They say baseball is a game of inches. When ‘they’ say that, ‘they’ are wearing a plaid jacket and flood pants. They also have adult acne. But if baseball really is a game of inches, the Tigers are packing heat in their lineup like John Holmes. So, for all other teams’ fans, I ask you gently, Tigers, please don’t have good pitching too. I mean, besides Verlander and Scherzer and Fister and Anibal, because that would just be unfair. Yesterday, it appeared they had that with Rick Porcello. He went eight innings with zero earned runs, four baserunners and 11 Ks. After his eleventh K, the sound system played, “Rick’s a Jolly Porcello.” That is the best game I can remember from Porcello, by far, and I use all of his game logs as toilet paper, so I’d remember. I mean, what else am I doing in the john? Answering comments? Well, maybe. Just keep that in mind when you’re asking me who I’d drop. Porcello’s xFIP looks solid and his walks have always been stellar. The one flaw in his game I didn’t like was his ability to K people. So far this year, his K-rate is up and way up after yesterday. If you’re struggling to find a starter, I could see adding Porcello, but there’s risk because he does tend to have huge blow ups. Anyway, here’s what else I saw yesterday in fantasy baseball:
Brandon Morrow – 2 IP, 2 ER and 2 unearned runs. If you’re just joining us…where you been? Sailing around the world in Bermuda shorts? Those must be some big shorts to act like a sail. Well, I won’t hold it against you if you missed the 12 other times I’ve said to drop Morrow in most mixed leagues. He’s now experiencing forearm discomfort and he looks like he’s drinking from the Ricky Romero suck straw.
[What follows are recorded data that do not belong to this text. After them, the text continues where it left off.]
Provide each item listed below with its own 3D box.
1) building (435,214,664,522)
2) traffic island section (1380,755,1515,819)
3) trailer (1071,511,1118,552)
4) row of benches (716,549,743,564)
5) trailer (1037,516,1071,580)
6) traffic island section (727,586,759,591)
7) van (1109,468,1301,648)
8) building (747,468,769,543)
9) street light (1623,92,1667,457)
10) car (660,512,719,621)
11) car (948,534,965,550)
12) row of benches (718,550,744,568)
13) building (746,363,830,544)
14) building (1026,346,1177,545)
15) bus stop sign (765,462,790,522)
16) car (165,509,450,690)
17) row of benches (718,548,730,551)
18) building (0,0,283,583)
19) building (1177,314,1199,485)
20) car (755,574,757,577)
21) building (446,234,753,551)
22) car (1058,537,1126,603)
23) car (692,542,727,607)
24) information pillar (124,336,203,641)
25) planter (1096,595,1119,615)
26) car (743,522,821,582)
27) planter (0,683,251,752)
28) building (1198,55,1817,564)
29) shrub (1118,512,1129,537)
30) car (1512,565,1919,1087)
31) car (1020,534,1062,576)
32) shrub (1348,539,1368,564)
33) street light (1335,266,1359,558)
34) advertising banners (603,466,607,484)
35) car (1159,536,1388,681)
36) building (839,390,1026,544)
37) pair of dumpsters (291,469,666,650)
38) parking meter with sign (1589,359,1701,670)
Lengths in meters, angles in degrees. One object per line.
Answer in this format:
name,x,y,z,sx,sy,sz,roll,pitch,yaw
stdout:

Casey Janssen – Was unavailable yesterday due to general shoulder soreness. General shoulder soreness usually presides over the air command. I’d grab Delabar if you have room, just in case general shoulder soreness is promoted to Major Shoulder Soreness.
Brett Lawrie – Likely headed back to the DL. He should just add a D to the front of his name so it’s DLawrie and be done with it.
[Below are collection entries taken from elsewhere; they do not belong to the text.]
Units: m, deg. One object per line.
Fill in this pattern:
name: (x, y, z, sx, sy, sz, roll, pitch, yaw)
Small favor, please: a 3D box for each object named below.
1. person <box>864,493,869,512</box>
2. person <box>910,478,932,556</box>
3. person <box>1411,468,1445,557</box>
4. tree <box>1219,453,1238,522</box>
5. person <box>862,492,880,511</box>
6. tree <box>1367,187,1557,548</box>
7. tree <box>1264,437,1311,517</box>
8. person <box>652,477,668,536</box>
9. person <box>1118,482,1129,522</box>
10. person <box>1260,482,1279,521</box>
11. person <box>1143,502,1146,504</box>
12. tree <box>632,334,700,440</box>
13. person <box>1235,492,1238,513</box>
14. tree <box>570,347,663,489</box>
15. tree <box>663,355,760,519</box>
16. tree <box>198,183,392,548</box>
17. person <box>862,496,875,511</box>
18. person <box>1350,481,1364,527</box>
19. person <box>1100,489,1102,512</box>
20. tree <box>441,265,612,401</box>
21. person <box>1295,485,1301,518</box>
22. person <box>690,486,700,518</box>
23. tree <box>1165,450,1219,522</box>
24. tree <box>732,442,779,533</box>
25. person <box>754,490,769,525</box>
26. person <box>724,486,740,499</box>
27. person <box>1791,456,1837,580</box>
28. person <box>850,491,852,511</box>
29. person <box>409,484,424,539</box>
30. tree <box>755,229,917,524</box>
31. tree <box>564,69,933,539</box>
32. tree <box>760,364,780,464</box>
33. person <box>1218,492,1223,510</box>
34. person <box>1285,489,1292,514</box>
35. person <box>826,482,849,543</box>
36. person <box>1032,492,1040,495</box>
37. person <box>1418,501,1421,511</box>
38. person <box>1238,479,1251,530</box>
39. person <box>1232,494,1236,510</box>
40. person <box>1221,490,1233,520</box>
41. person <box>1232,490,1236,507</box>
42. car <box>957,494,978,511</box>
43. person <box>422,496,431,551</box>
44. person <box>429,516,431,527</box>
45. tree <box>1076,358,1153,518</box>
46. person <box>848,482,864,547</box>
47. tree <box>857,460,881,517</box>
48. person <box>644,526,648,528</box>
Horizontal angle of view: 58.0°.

Jose Bautista – 2-for-4, 3 runs and a solo homer, his 12th. He’s now batting .299 on the year. The race for most fantasy value between him and Edwin is heating up on our Player Rater with Edwin edging him, but on our rest of the season projections, Bautista has him beat comfortably. It’s a race for the ages or at least the ages 25 thru 54, according to our analytics.
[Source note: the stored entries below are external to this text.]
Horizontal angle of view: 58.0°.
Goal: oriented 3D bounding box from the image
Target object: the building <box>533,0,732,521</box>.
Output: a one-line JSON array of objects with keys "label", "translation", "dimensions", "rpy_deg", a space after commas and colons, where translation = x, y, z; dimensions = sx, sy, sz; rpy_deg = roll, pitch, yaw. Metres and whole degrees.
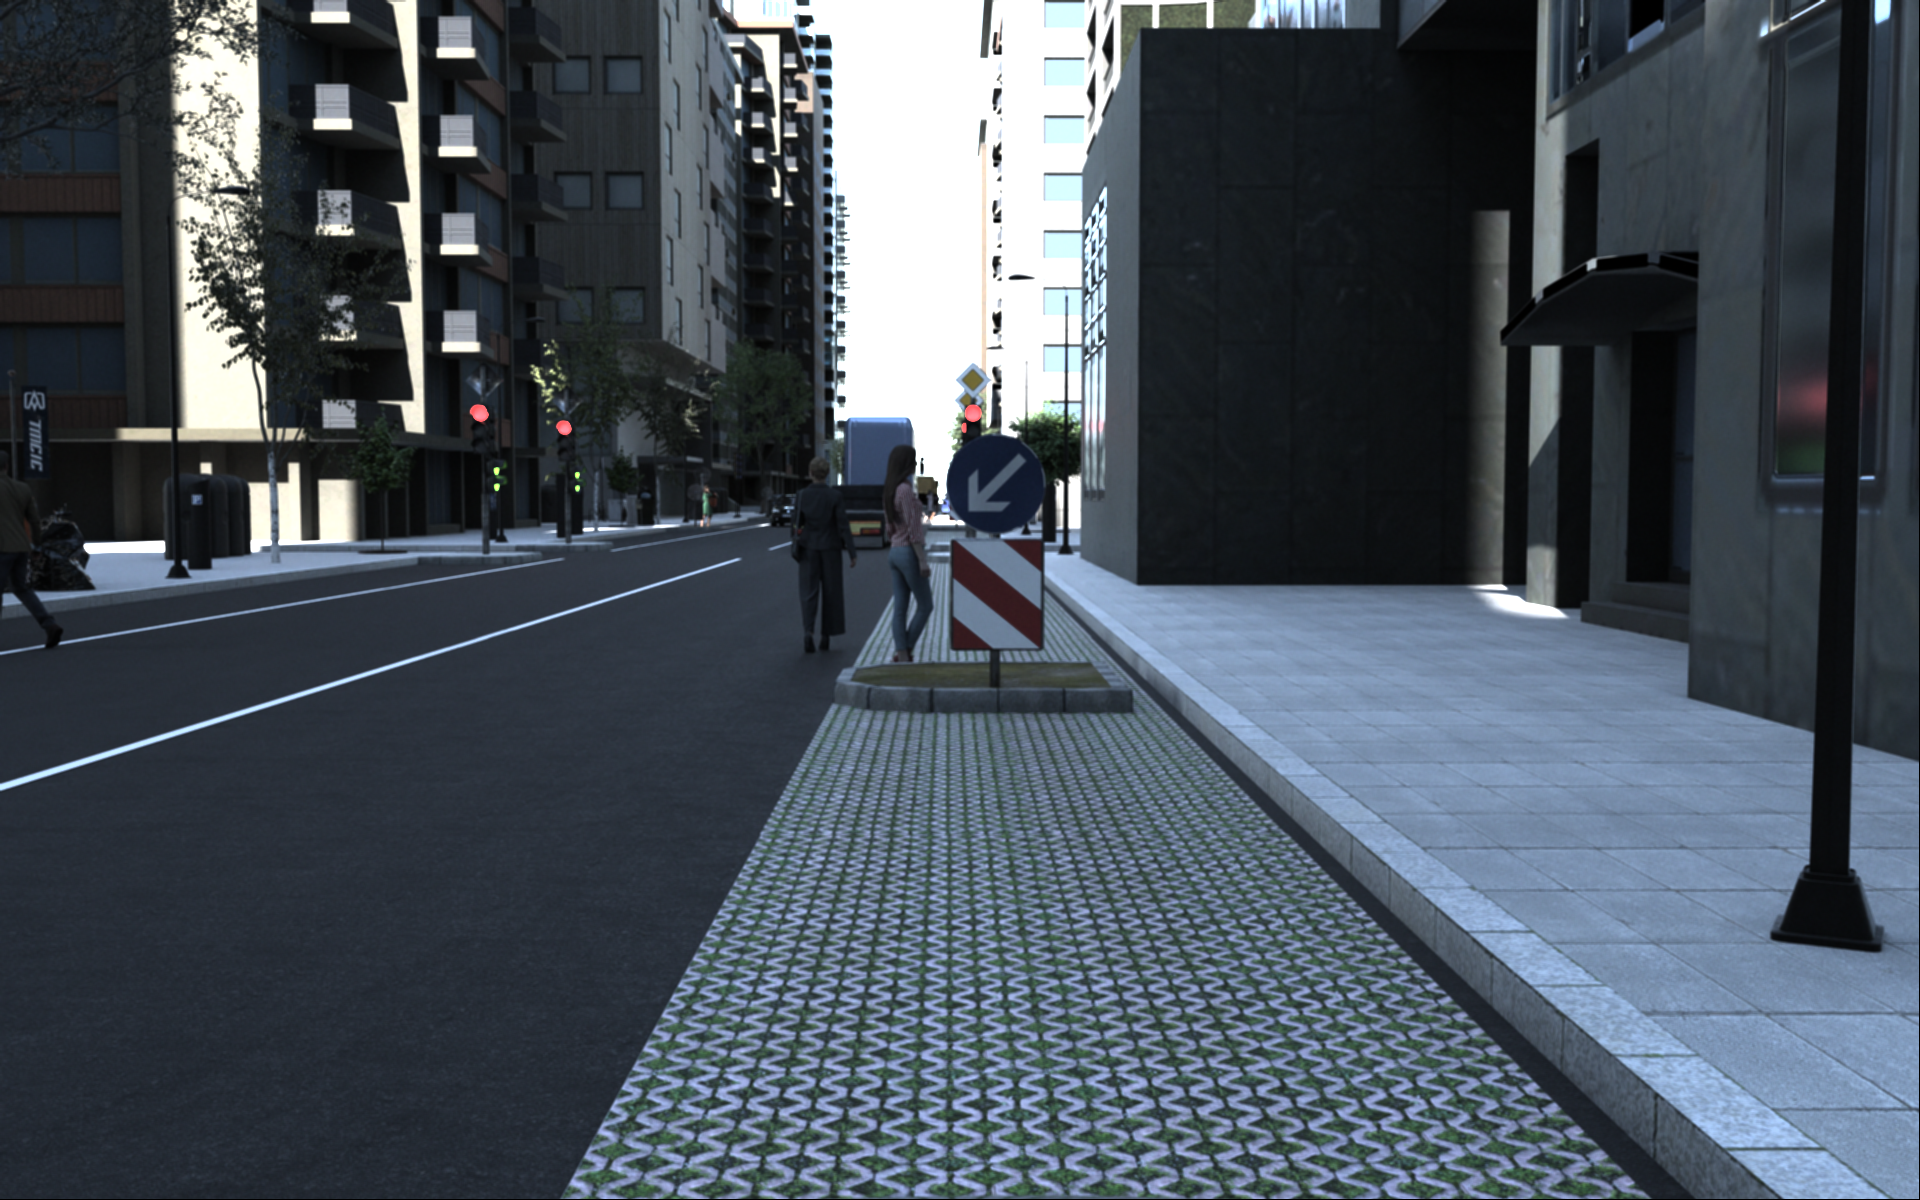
[{"label": "building", "translation": [-27.662, -30.891, 94.306], "dimensions": [28.713, 52.752, 27.495], "rpy_deg": [0, 4, 0]}]

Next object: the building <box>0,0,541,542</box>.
[{"label": "building", "translation": [-26.048, -24.699, 58.447], "dimensions": [22.147, 44.769, 28.867], "rpy_deg": [0, 4, 0]}]

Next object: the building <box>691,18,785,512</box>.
[{"label": "building", "translation": [-30.063, -26.924, 132.091], "dimensions": [32.217, 40.220, 23.993], "rpy_deg": [0, 4, 0]}]

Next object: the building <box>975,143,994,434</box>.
[{"label": "building", "translation": [9.355, -34.613, 216.027], "dimensions": [14.600, 45.320, 14.200], "rpy_deg": [0, 4, 0]}]

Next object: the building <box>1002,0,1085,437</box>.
[{"label": "building", "translation": [13.065, -34.432, 104.959], "dimensions": [21.231, 58.520, 28.212], "rpy_deg": [0, 4, 0]}]

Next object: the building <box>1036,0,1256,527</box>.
[{"label": "building", "translation": [13.884, -38.613, 69.574], "dimensions": [20.563, 71.187, 20.611], "rpy_deg": [0, 4, 0]}]

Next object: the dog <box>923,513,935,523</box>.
[{"label": "dog", "translation": [-1.552, -4.145, 87.062], "dimensions": [0.540, 0.507, 0.406], "rpy_deg": [-2, 4, -24]}]

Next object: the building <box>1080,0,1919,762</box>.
[{"label": "building", "translation": [13.683, -43.066, 16.807], "dimensions": [22.319, 86.520, 31.000], "rpy_deg": [0, 4, 0]}]

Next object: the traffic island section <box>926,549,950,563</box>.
[{"label": "traffic island section", "translation": [0.295, -0.894, 36.897], "dimensions": [2.009, 0.180, 2.903], "rpy_deg": [0, 4, 0]}]

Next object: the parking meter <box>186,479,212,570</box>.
[{"label": "parking meter", "translation": [-12.976, -1.291, 29.523], "dimensions": [0.372, 1.533, 0.369], "rpy_deg": [0, 3, 0]}]

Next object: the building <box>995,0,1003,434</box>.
[{"label": "building", "translation": [14.317, -30.468, 152.777], "dimensions": [22.147, 44.769, 28.867], "rpy_deg": [0, 4, 0]}]

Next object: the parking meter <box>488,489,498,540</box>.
[{"label": "parking meter", "translation": [-13.188, -2.460, 48.631], "dimensions": [0.372, 1.533, 0.369], "rpy_deg": [0, 3, 0]}]

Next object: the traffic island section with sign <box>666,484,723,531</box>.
[{"label": "traffic island section with sign", "translation": [-10.302, -3.595, 67.411], "dimensions": [1.989, 1.847, 2.006], "rpy_deg": [0, 4, 0]}]

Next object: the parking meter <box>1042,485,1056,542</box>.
[{"label": "parking meter", "translation": [2.377, -2.310, 46.173], "dimensions": [0.372, 1.533, 0.369], "rpy_deg": [0, 3, 0]}]

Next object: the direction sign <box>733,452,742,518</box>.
[{"label": "direction sign", "translation": [-12.326, -6.379, 96.295], "dimensions": [0.379, 3.537, 0.876], "rpy_deg": [1, 4, 19]}]

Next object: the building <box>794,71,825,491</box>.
[{"label": "building", "translation": [-21.566, -32.447, 180.623], "dimensions": [14.600, 45.320, 14.200], "rpy_deg": [0, 4, 0]}]

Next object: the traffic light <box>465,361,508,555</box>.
[{"label": "traffic light", "translation": [-10.056, -2.922, 36.699], "dimensions": [0.839, 4.253, 0.868], "rpy_deg": [0, 4, 0]}]

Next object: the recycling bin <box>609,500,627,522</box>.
[{"label": "recycling bin", "translation": [-15.858, -4.149, 80.393], "dimensions": [0.722, 1.027, 0.722], "rpy_deg": [0, 4, 5]}]

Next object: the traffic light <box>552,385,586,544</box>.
[{"label": "traffic light", "translation": [-10.109, -3.411, 44.684], "dimensions": [0.839, 4.253, 0.868], "rpy_deg": [0, 4, 0]}]

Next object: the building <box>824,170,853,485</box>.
[{"label": "building", "translation": [-27.083, -38.584, 250.464], "dimensions": [23.786, 49.044, 30.456], "rpy_deg": [0, 4, 0]}]

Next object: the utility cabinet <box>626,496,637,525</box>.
[{"label": "utility cabinet", "translation": [-13.592, -3.782, 73.004], "dimensions": [0.306, 1.237, 1.020], "rpy_deg": [2, 4, 33]}]

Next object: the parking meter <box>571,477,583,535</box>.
[{"label": "parking meter", "translation": [-12.060, -2.981, 54.453], "dimensions": [0.255, 1.863, 0.399], "rpy_deg": [2, 4, 32]}]

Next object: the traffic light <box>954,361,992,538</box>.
[{"label": "traffic light", "translation": [0.255, -2.927, 36.783], "dimensions": [0.839, 4.253, 0.868], "rpy_deg": [0, 4, 0]}]

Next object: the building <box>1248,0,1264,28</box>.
[{"label": "building", "translation": [16.943, -24.588, 52.121], "dimensions": [14.200, 45.320, 14.600], "rpy_deg": [0, 4, 0]}]

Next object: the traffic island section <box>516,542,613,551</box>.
[{"label": "traffic island section", "translation": [-10.149, -1.378, 44.818], "dimensions": [2.009, 0.180, 2.903], "rpy_deg": [0, 4, 0]}]

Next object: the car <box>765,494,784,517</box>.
[{"label": "car", "translation": [-10.272, -5.416, 100.553], "dimensions": [2.014, 1.417, 4.499], "rpy_deg": [0, 4, -1]}]

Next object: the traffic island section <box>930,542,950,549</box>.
[{"label": "traffic island section", "translation": [0.242, -1.382, 44.882], "dimensions": [2.009, 0.180, 2.903], "rpy_deg": [0, 4, 0]}]

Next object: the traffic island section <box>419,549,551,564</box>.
[{"label": "traffic island section", "translation": [-10.096, -0.890, 36.834], "dimensions": [2.009, 0.180, 2.903], "rpy_deg": [0, 4, 0]}]

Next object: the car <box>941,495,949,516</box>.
[{"label": "car", "translation": [-0.343, -6.486, 115.630], "dimensions": [1.945, 1.707, 3.694], "rpy_deg": [0, 4, 1]}]

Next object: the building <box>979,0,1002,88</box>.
[{"label": "building", "translation": [16.561, -36.174, 180.678], "dimensions": [28.713, 52.752, 27.495], "rpy_deg": [0, 4, 0]}]

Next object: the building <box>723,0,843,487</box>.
[{"label": "building", "translation": [-25.737, -55.401, 218.478], "dimensions": [22.319, 86.520, 31.000], "rpy_deg": [0, 4, 0]}]

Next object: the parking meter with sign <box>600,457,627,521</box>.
[{"label": "parking meter with sign", "translation": [-15.984, -5.204, 81.352], "dimensions": [1.738, 3.016, 0.543], "rpy_deg": [0, 4, -7]}]

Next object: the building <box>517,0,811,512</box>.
[{"label": "building", "translation": [-25.433, -30.835, 158.775], "dimensions": [22.147, 44.769, 28.867], "rpy_deg": [0, 4, 0]}]

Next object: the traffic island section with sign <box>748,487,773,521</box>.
[{"label": "traffic island section with sign", "translation": [-10.479, -5.244, 94.365], "dimensions": [1.989, 1.847, 2.006], "rpy_deg": [0, 4, 0]}]

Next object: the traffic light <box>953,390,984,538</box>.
[{"label": "traffic light", "translation": [0.202, -3.416, 44.768], "dimensions": [0.839, 4.253, 0.868], "rpy_deg": [0, 4, 0]}]

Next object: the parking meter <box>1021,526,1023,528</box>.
[{"label": "parking meter", "translation": [2.200, -3.696, 66.147], "dimensions": [0.255, 1.863, 0.399], "rpy_deg": [3, 5, 44]}]

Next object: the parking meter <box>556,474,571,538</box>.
[{"label": "parking meter", "translation": [-11.628, -2.746, 50.604], "dimensions": [0.255, 1.863, 0.399], "rpy_deg": [0, 4, -1]}]

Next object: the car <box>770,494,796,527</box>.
[{"label": "car", "translation": [-7.453, -4.152, 77.669], "dimensions": [2.009, 1.686, 4.222], "rpy_deg": [0, 4, 2]}]

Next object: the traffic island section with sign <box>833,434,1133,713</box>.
[{"label": "traffic island section with sign", "translation": [0.125, -0.218, 12.190], "dimensions": [1.989, 1.847, 2.006], "rpy_deg": [0, 4, 0]}]

Paul Maholm – 6 IP, 5 ER, 11 baserunners, 3 Ks. Half of me wants to say you guys had a good run, move on. The Lily Tomlin half of me wants to say he was facing the Blue Jays and no one wants to face them right now.
Andrelton Simmons – 3-for-5, 1 run, and eight for his last fifteen. So far he’s only attempted two steals all year (one success), which comes from a guy who once stole 26 bases in a minor league season. Hey, Andrelton, save the light speed for your spaceship and bring out the full speed.
Corey Hart – He’s not ready for rehab. He said no, no, no.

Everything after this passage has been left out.